En el discurso ante los cuadros populares, el presidente nacional del PP dejó entrever que ha llegado la hora de entablar una nueva relación con Vox. Por lo que toca «hacer las cosas diferentes» a como se hicieron en el pasado. Ergo: «No repetir los errores de 2023». Y puso sus condiciones: «Respeto a nuestros votantes, que son la mayoría y los que han ganado». A la euforia de un perdedor que escenifica haber sido el ganador, un recordatorio: «No confundan un buen resultado con ser terceros, no confundan los adversarios y no confundan las prioridades».
Porque una cosa es pactar y otra, tragar. «No somos lo mismo, no nos vamos a poner de acuerdo en todo, pero seguro que hay puntos de acuerdo coherentes. Lo que acordemos de forma razonable, se hará. Y lo que no acordemos porque no está en la Constitución y en las leyes, no se hará».
Por tanto, invitó al partido verde a remar en la misma dirección, y no en otra, para poner fin al Gobierno de Sánchez. «Vox no puede convertirse en un muro, porque los españoles no han votado eso y porque yo no soy Sánchez. Aquí se convence, no se impone; aquí se respeta al más votado, no se hace lo que diga la minoría o nada; aquí se gobierna para todos, también para quienes no nos han votado. Por eso, muros, no».
Según manifestó, los votantes que han optado por PP y Vox en Extremadura o Aragón, están «esperando una alternativa» y su compromiso, es «no frustrarla». Por eso, ante la posibilidad de que en Extremadura se consume el rechazo anunciado a la investidura de María Guardiola, lanzó una advertencia: «Igual que han castigado a un mal Gobierno», los electores también pueden «castigar a quien no deje gobernar». Y apuntilló, otra vez: «No nos vamos a confundir de prioridades».

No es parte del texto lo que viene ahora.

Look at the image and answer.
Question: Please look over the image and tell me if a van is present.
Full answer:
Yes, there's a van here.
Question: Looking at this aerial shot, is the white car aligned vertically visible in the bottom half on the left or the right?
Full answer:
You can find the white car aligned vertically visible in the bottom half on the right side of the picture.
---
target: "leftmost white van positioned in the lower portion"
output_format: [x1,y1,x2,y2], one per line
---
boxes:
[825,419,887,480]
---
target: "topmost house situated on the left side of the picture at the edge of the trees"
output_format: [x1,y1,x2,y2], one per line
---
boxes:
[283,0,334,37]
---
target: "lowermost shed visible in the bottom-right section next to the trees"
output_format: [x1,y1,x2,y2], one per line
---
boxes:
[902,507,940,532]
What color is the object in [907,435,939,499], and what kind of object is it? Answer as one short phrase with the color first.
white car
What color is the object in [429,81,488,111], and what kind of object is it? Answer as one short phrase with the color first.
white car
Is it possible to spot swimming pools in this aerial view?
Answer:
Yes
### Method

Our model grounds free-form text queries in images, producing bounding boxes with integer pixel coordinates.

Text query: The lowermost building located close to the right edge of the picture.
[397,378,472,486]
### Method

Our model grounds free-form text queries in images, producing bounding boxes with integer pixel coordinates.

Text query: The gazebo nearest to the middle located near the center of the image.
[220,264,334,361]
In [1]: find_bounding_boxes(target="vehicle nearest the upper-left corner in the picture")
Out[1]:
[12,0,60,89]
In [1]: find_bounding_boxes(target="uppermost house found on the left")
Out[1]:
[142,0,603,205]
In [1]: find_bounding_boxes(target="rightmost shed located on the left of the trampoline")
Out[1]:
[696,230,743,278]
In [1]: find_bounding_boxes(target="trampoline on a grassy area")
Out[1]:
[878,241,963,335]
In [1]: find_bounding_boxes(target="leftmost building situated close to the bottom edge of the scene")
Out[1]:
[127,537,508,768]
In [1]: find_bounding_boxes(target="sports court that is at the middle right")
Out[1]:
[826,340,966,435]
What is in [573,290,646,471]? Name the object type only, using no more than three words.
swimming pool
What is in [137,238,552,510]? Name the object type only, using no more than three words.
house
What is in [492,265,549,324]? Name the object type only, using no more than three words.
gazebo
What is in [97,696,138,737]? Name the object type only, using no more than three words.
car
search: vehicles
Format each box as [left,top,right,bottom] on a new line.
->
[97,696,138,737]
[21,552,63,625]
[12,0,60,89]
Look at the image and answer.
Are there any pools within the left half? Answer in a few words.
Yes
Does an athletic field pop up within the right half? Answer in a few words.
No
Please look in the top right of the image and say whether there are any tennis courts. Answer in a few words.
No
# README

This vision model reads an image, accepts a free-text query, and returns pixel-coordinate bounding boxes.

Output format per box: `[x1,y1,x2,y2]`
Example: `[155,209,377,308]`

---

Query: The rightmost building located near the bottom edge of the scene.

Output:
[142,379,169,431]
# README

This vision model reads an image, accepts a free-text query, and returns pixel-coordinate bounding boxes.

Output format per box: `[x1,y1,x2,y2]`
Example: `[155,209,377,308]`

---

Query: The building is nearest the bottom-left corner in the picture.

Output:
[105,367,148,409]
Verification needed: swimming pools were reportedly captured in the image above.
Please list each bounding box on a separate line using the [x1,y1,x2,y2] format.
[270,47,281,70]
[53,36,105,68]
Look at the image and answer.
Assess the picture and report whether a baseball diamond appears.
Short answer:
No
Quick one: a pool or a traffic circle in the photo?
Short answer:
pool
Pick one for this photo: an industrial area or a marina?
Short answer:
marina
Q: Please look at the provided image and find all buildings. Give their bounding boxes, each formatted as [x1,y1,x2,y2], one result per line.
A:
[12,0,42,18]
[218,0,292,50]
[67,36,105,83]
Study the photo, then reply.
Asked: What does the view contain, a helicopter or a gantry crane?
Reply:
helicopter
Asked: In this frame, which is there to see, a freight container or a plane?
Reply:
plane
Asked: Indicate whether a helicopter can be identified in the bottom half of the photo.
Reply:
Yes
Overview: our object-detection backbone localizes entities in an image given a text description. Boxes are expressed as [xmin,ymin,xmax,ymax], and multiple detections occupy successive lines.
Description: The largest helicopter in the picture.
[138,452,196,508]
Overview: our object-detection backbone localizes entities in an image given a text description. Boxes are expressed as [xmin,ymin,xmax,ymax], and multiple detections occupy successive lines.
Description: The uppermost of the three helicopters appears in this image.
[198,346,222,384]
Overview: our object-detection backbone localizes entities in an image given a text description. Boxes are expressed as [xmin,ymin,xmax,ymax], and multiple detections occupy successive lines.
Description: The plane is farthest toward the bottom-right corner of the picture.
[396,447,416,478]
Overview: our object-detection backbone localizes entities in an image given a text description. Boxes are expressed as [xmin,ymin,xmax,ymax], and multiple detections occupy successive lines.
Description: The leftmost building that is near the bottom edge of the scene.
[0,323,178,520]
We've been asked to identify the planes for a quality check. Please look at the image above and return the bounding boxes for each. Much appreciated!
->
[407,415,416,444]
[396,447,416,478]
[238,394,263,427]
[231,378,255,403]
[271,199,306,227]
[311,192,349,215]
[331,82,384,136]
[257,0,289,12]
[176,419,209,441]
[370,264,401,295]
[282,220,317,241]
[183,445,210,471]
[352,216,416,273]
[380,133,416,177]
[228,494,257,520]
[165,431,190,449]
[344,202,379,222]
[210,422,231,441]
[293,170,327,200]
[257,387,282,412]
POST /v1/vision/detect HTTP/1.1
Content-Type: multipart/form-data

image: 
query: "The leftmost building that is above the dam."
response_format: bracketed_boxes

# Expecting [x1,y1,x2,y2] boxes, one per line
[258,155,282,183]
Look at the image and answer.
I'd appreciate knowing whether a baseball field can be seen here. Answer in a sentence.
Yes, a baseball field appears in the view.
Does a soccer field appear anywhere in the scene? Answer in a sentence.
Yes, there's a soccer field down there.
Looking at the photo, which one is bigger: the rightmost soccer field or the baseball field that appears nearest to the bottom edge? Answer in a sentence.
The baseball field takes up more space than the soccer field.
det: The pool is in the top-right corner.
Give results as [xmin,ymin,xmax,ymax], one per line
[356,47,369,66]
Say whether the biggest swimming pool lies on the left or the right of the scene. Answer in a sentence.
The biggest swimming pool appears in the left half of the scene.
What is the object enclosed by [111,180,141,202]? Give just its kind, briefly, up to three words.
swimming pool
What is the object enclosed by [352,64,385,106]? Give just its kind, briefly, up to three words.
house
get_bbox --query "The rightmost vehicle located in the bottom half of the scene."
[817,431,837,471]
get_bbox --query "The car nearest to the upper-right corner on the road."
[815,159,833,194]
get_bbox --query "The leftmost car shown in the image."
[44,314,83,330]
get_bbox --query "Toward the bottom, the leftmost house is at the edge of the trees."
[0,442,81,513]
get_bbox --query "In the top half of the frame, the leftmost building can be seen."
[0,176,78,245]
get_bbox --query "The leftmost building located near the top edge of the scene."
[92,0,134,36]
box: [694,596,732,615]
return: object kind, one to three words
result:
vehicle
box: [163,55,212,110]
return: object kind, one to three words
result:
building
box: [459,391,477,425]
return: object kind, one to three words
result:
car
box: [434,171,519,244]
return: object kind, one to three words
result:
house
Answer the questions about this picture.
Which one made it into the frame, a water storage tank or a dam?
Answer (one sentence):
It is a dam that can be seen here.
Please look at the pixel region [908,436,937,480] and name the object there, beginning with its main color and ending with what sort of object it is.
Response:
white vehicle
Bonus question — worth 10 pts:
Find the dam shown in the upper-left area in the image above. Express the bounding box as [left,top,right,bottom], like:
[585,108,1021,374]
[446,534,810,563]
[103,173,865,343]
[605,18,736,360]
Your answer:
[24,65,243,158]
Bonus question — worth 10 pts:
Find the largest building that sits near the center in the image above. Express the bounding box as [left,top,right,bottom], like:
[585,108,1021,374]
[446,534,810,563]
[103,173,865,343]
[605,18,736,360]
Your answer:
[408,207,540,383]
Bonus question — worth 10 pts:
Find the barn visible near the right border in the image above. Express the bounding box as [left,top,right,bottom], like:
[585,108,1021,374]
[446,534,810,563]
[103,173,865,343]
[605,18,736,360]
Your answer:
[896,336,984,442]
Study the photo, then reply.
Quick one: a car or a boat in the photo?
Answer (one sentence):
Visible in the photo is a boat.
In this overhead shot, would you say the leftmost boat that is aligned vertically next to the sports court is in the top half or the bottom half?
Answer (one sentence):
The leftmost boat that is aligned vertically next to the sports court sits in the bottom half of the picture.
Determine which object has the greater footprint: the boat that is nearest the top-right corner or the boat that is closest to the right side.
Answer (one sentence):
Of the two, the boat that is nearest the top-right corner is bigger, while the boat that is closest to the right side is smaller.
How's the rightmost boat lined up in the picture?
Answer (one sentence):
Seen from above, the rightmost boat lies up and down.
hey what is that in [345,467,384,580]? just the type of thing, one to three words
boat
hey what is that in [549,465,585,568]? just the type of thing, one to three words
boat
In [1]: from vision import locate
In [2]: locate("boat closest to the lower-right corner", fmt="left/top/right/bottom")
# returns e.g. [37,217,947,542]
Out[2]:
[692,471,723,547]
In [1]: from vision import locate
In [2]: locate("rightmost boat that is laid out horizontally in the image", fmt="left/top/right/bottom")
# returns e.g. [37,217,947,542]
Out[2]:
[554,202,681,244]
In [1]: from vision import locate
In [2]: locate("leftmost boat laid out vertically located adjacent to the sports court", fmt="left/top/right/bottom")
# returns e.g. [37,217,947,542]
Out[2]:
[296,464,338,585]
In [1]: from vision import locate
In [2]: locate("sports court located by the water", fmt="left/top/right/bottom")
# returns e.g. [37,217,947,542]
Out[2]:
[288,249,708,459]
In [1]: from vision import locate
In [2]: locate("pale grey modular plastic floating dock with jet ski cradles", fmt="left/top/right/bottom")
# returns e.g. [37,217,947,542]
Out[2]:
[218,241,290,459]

A Pedro Sánchez, verdadero adversario, le estampó los resultados de Aragón para enseñarle la puerta de salida: «La gente ya no le soporta. Por eso, me pregunto: ¿Cuántos tortazos electorales más necesita para entenderlo? ¿Cuántos peores resultados del socialismo le hacen falta para reaccionar? ¿Cuántas debacles más para que se vaya?». Y tiró de metáforas: «Tanto ocuparse de Marte y nadie le ha dicho que el que está a años luz de España, es él (...). Si quiere hacer oídos sordos pensando que libra la Guerra de las Galaxias cuando lo suyo se parece a Torrente, presidente; allá él».